The new EU foreign policy stance comes as the US also seeks to push for a stronger alliance with Japan against China.
New Japanese Prime Minister Fumio Kishida on Tuesday affirmed Tokyo’s alliance with Washington and signalled concerns about China’s posture over Taiwan.
Taiwan and broader relations with Beijing are likely to dominate security policies and foreign relations from the outset of Kishida’s tenure, and could emerge as a key issue in the upcoming general election, analysts say.
Underscoring the new cabinet’s China focus, Kishida created a new post of economy security minister, filled by an official who helped craft policies aimed at protecting sensitive technologies in supply chains and cyber security from China.
Asked about Taiwan, which has reported 148 flights by Chinese military planes into its air defence identification zone since Friday, Foreign Minister Toshimitsu Motegi said he hoped “this matter is resolved peacefully between the two parties through direct talks”.

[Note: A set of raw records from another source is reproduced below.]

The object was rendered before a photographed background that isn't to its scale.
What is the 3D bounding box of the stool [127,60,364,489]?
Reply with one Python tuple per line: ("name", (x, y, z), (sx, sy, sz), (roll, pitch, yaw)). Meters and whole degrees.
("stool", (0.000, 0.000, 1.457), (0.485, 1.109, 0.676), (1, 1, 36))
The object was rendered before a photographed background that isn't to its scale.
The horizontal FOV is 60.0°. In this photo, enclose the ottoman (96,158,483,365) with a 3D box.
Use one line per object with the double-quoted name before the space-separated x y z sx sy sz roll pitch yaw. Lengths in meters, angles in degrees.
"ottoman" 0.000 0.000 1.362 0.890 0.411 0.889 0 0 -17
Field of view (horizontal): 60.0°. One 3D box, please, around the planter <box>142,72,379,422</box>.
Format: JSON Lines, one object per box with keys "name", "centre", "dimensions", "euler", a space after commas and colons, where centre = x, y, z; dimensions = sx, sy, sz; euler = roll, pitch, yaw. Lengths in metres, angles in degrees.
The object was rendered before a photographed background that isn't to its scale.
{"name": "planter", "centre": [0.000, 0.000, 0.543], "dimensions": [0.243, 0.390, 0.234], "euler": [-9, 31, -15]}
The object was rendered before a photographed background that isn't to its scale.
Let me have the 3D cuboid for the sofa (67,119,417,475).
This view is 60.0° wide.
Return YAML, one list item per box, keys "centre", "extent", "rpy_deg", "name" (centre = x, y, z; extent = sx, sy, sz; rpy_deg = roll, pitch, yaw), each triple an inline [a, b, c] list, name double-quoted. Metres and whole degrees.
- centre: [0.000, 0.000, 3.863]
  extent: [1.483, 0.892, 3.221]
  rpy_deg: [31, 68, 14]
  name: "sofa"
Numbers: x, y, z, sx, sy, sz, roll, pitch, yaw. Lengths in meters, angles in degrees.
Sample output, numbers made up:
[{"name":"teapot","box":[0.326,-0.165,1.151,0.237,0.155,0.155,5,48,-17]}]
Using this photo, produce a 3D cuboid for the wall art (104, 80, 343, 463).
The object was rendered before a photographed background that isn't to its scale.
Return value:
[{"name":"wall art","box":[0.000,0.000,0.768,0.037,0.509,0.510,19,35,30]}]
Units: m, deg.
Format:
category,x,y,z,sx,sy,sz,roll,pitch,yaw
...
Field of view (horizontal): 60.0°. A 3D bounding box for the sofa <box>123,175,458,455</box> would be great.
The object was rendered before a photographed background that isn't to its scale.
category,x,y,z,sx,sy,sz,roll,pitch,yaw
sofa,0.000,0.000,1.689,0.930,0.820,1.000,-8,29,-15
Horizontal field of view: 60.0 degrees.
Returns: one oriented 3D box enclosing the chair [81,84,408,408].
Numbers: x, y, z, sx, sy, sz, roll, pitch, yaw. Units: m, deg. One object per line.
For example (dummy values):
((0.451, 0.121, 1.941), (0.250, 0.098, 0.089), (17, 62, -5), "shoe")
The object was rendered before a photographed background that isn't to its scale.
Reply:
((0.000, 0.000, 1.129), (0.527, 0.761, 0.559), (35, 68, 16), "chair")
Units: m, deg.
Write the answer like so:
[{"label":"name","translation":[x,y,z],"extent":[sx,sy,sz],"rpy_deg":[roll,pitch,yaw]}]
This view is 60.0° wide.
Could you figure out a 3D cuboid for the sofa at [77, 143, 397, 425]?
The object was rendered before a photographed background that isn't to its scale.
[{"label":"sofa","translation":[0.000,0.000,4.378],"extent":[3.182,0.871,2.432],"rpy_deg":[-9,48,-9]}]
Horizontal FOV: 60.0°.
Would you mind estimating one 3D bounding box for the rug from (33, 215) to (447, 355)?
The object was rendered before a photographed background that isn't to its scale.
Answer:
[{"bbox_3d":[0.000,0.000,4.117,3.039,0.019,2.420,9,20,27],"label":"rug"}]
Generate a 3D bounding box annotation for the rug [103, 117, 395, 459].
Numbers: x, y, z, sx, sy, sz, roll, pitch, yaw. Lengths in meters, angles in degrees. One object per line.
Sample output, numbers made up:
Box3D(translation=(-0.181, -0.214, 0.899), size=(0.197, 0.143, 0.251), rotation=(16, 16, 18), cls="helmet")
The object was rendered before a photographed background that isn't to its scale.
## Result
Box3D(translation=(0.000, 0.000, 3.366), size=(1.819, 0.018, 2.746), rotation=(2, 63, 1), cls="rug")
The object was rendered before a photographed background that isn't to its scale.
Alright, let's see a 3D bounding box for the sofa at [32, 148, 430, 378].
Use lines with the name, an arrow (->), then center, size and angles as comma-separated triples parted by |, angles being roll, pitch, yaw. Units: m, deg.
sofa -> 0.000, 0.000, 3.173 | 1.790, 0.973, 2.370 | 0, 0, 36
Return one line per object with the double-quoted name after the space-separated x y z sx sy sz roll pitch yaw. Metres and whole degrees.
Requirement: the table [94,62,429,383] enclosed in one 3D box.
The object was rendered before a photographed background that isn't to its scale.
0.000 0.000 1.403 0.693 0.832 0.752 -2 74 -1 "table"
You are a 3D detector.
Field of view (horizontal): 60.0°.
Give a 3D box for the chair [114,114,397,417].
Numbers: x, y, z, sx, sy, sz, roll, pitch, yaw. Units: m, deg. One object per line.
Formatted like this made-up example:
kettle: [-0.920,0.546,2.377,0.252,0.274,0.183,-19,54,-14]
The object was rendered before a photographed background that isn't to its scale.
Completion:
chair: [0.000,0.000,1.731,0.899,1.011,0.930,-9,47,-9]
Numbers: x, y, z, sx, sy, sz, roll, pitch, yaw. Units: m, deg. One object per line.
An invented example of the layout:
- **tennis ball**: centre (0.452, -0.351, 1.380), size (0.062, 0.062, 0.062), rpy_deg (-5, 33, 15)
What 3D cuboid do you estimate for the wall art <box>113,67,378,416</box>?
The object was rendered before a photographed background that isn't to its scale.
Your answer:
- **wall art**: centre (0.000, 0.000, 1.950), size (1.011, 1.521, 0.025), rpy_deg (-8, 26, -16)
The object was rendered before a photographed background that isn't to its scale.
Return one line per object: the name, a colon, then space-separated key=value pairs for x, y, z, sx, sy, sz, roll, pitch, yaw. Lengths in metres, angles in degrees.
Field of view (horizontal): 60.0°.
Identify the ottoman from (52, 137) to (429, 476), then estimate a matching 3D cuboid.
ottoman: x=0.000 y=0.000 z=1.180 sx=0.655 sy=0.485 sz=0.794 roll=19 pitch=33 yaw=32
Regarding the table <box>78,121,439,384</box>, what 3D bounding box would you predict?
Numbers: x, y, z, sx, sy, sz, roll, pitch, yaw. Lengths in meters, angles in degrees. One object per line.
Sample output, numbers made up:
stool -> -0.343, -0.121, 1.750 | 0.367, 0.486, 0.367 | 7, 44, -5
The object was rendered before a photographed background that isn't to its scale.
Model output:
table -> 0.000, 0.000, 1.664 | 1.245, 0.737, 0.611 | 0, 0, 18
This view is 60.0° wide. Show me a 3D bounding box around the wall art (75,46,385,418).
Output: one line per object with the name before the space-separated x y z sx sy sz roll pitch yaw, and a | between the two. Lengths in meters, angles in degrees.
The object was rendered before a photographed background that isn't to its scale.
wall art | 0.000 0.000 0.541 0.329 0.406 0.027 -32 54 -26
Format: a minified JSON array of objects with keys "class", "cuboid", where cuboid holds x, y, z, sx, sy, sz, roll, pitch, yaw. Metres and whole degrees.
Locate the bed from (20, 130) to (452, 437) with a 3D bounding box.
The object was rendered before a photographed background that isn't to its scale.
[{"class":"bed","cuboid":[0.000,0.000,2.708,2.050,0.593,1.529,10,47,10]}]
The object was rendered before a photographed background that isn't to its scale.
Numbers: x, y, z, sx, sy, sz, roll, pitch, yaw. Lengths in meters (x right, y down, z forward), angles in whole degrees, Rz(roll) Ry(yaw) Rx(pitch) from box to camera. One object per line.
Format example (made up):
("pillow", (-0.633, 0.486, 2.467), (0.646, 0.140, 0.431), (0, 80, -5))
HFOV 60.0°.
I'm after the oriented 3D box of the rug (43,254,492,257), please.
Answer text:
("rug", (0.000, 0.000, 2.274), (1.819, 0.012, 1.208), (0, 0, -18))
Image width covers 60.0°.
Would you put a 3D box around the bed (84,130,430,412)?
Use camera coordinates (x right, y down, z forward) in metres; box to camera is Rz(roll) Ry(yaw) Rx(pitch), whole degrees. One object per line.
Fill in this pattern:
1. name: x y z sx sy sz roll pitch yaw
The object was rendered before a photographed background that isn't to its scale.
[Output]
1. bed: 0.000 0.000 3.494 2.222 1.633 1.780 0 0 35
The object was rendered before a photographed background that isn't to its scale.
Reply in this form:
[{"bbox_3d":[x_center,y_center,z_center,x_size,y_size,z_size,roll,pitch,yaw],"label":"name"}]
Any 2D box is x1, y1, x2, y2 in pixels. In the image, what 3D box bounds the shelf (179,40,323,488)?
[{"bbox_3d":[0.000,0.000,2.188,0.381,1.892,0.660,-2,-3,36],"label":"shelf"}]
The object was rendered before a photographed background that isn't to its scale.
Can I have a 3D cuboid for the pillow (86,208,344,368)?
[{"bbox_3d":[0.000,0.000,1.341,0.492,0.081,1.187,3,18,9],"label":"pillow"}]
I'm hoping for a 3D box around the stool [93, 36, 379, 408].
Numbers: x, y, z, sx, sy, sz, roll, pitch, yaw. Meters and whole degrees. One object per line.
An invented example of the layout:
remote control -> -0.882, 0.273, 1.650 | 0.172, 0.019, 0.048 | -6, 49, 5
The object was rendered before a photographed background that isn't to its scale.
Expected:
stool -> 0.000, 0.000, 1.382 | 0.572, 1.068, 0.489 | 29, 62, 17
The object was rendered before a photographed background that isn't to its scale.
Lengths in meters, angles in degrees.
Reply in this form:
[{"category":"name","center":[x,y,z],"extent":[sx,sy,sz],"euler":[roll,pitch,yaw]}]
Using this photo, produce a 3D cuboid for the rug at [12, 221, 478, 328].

“Additionally, instead of simply monitoring the situation, we hope to weigh the various possible scenarios that may arise to consider what options we have, as well as the preparations we must make,” Mr Motegi said.
Mr Kishida’s retaining of Mr Motegi, along with Defence Minister Nobuo Kishi, signalled his desire to continue ex-Prime Minister Shinzo Abe’s push to boost security ties with the US while preserving trade relations with China, analysts say.
Shortly after being formally confirmed by the parliament in the top job, the 64-year-old Hiroshima native surprised the opposition by calling an election for Oct. 31 and vowed to bolster the country’s response to the coronavirus pandemic.
Mr Kishida told reporters on Tuesday morning in Tokyo he had received a “strong” message from President Joe Biden about the US’ commitment to defending the disputed East China Sea islets known as the Senkaku Islands in Japan. China also claims the islands, which it calls the Daioyus.
In a phone conversation that lasted roughly 20 minutes, the allies also confirmed their cooperation toward achieving a free and open Indo-Pacific, Mr Kishida told reporters.